_GIVEN RECORDS:_
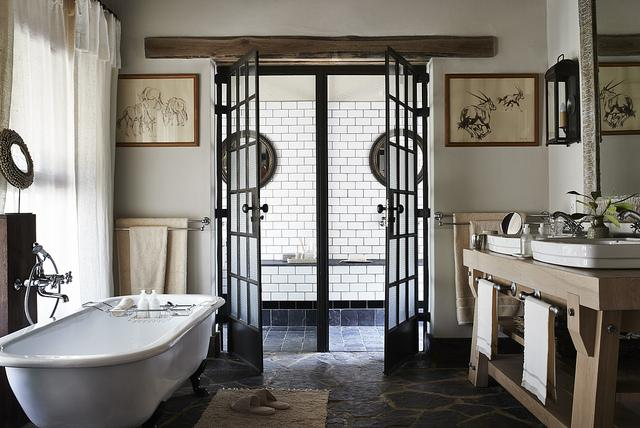The floor of the bathroom is made of what material?

Choices:
A) carpet
B) wood
C) vinyl
D) stone stone 
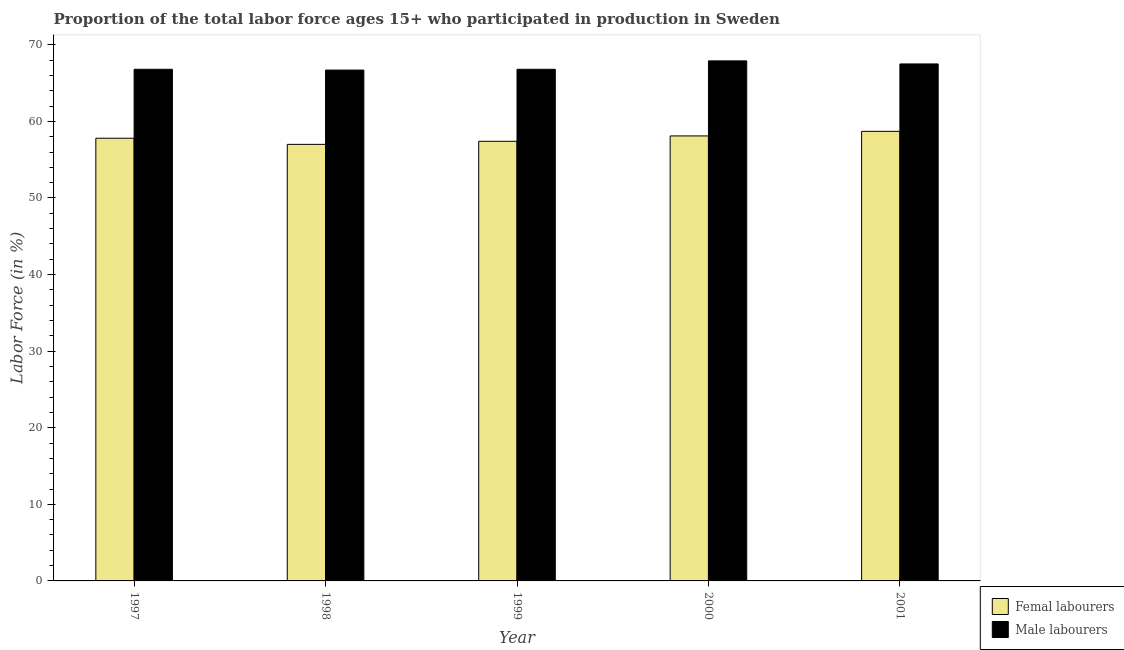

_WHAT YOU HAVE TO DO:_ Could you reproduce the records above exactly, leaving out the pictures?

_ANSWER SECTION:_
The floor of the bathroom is made of what material?

Choices:
A) carpet
B) wood
C) vinyl
D) stone stone 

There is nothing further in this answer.